**What you should do:** I'd like the data below restated word for word, with the pictures left out.

**Data excerpts:**
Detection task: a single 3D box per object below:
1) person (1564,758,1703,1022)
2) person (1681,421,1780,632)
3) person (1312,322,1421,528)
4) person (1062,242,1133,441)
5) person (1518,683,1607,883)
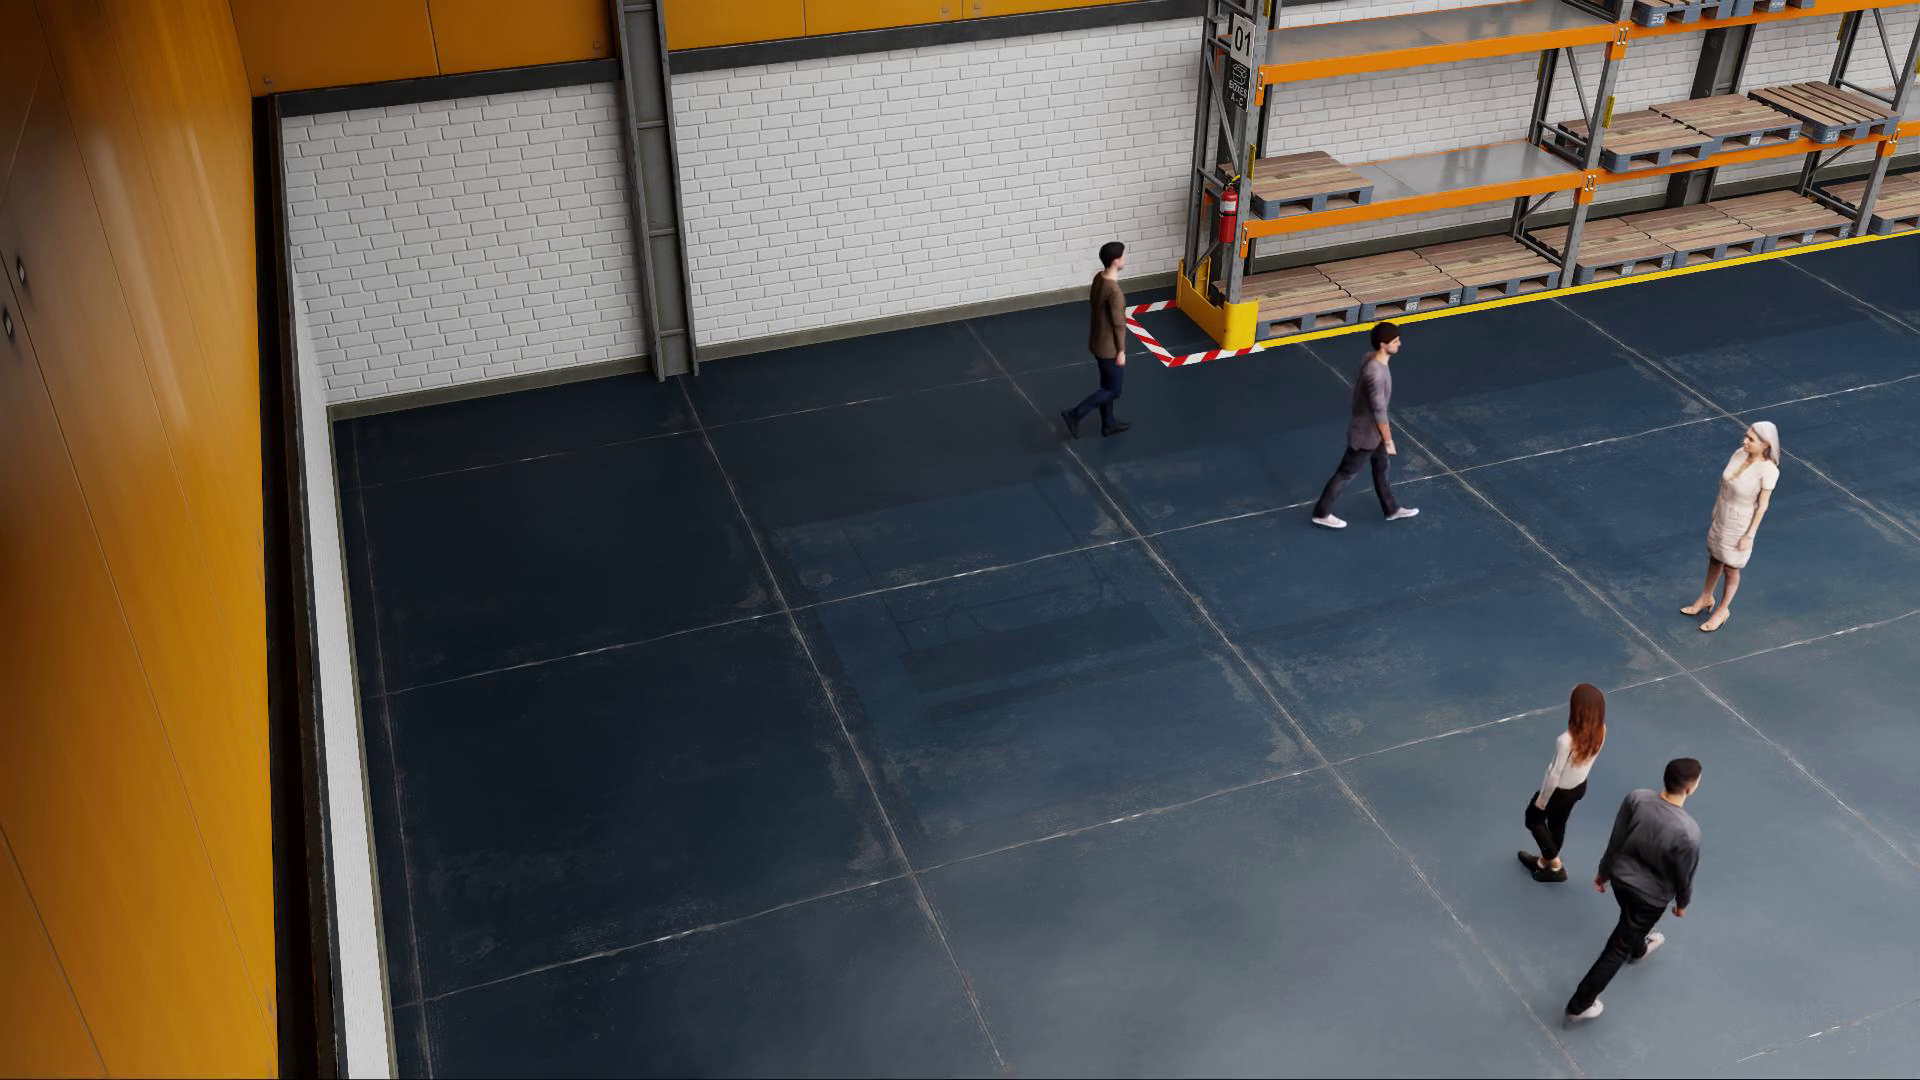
[{"bbox_3d":[3.689,1.961,9.158,1.214,1.710,0.794,-19,38,-26],"label":"person"},{"bbox_3d":[5.709,-0.110,12.249,0.564,1.736,0.613,-8,34,-12],"label":"person"},{"bbox_3d":[3.165,-0.885,13.344,1.214,1.815,1.063,8,34,12],"label":"person"},{"bbox_3d":[1.224,-1.690,14.503,0.951,1.872,0.706,-8,34,-12],"label":"person"},{"bbox_3d":[3.686,1.525,10.024,0.608,1.477,0.689,-19,38,-26],"label":"person"}]

**Finished task:**
Detection task: a single 3D box per object below:
1) person (1564,758,1703,1022)
2) person (1681,421,1780,632)
3) person (1312,322,1421,528)
4) person (1062,242,1133,441)
5) person (1518,683,1607,883)
[{"bbox_3d":[3.689,1.961,9.158,1.214,1.710,0.794,-19,38,-26],"label":"person"},{"bbox_3d":[5.709,-0.110,12.249,0.564,1.736,0.613,-8,34,-12],"label":"person"},{"bbox_3d":[3.165,-0.885,13.344,1.214,1.815,1.063,8,34,12],"label":"person"},{"bbox_3d":[1.224,-1.690,14.503,0.951,1.872,0.706,-8,34,-12],"label":"person"},{"bbox_3d":[3.686,1.525,10.024,0.608,1.477,0.689,-19,38,-26],"label":"person"}]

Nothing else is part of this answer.